= TASK TO COMPLETE =
The lines wanted are those in the data below that include "object".

Collection entries:
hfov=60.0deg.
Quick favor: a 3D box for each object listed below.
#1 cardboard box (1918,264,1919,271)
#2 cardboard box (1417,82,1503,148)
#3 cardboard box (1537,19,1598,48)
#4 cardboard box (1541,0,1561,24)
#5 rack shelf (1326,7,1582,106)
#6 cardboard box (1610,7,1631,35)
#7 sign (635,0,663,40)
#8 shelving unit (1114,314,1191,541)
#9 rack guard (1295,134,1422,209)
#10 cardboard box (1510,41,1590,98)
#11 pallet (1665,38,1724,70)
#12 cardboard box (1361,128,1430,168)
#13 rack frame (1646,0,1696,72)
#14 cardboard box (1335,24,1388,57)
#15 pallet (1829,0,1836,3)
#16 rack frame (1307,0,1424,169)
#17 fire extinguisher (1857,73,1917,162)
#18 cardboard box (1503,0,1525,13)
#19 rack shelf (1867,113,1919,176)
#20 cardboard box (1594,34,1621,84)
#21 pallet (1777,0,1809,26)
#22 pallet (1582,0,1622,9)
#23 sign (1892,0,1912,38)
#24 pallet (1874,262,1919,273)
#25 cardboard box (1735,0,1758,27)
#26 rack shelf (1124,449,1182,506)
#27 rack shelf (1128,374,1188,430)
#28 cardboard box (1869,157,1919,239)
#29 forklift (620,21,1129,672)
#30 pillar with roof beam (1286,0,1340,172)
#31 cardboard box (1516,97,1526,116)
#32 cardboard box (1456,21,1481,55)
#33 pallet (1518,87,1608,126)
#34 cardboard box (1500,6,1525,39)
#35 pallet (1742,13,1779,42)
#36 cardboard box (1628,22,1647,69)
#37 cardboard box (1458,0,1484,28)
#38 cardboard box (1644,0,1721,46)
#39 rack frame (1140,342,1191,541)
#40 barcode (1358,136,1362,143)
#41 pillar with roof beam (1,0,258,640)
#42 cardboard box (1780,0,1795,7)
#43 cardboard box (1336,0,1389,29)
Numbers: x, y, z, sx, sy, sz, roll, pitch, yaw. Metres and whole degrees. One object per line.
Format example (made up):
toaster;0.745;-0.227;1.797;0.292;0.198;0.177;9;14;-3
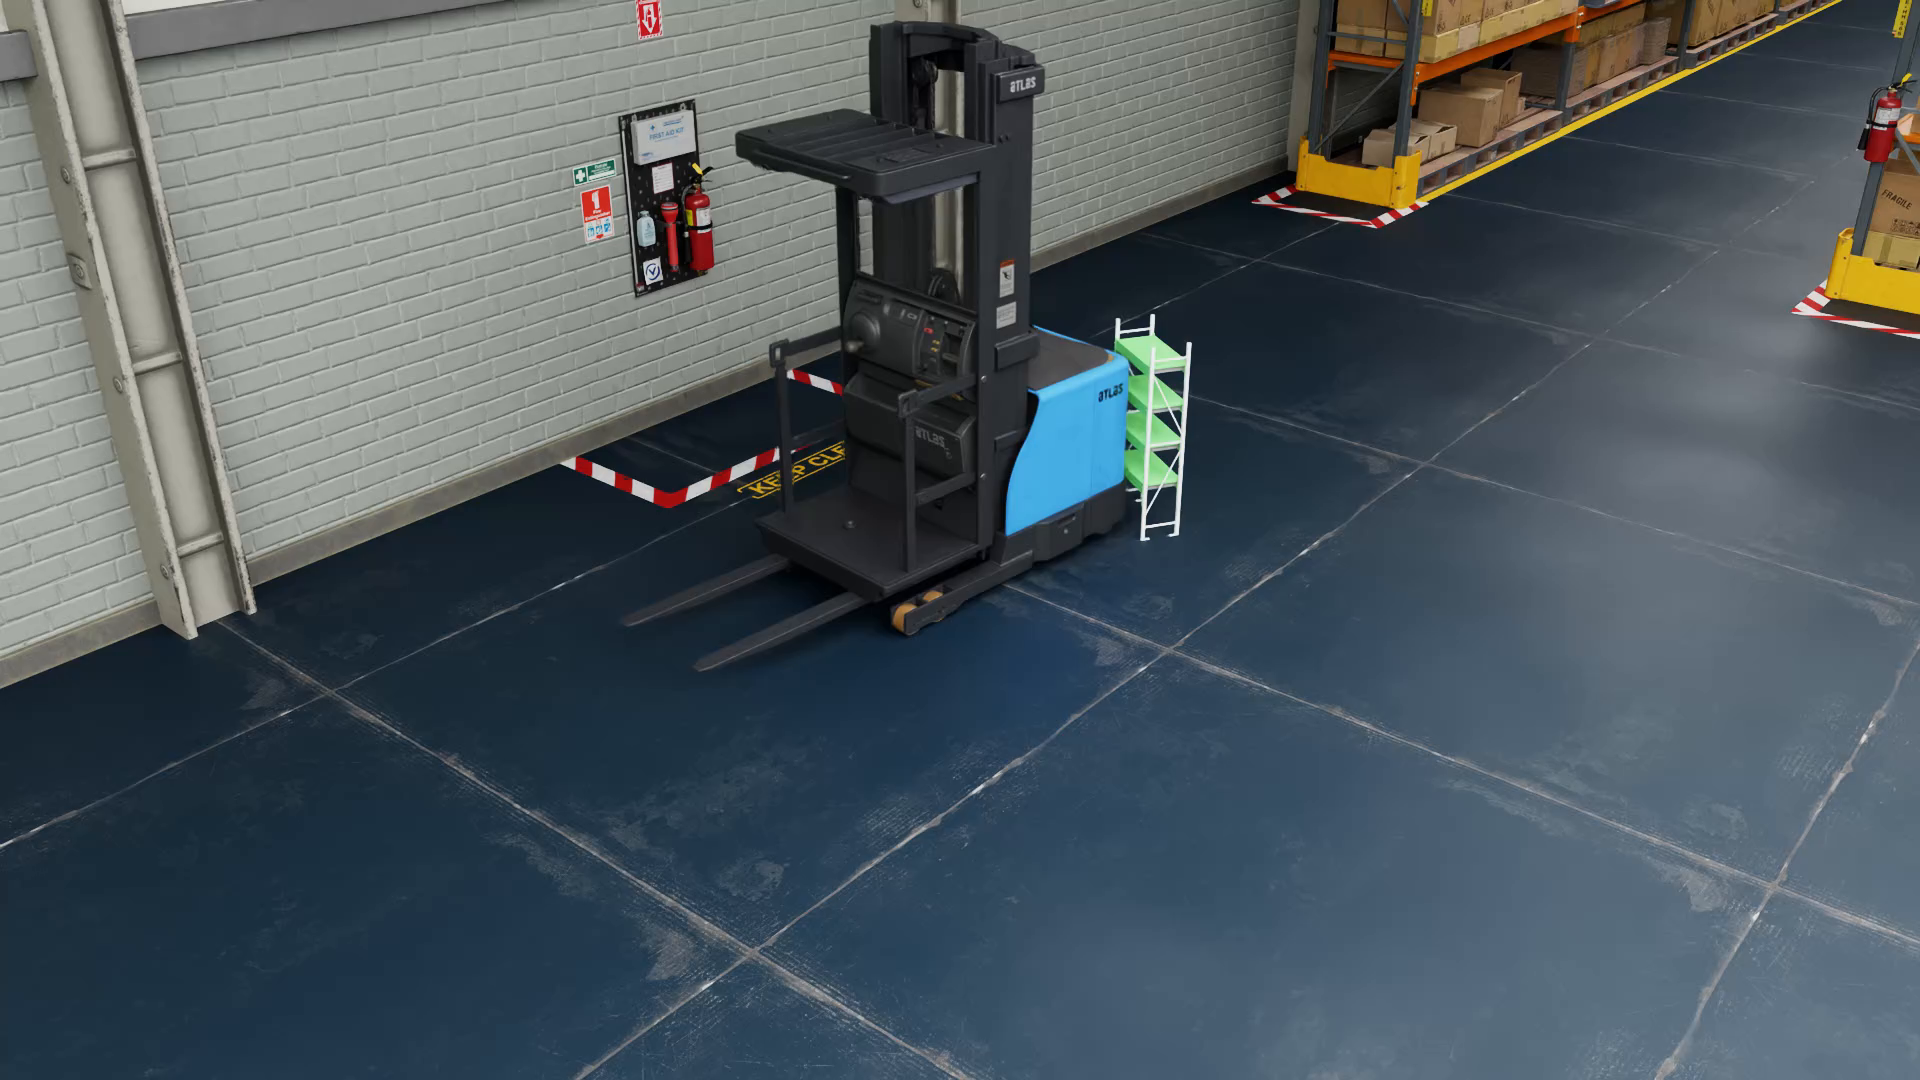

= OUTPUT FOR THIS TASK =
Quick favor: a 3D box for each object listed below.
Numbers: x, y, z, sx, sy, sz, roll, pitch, yaw. Metres and whole degrees. One object per line.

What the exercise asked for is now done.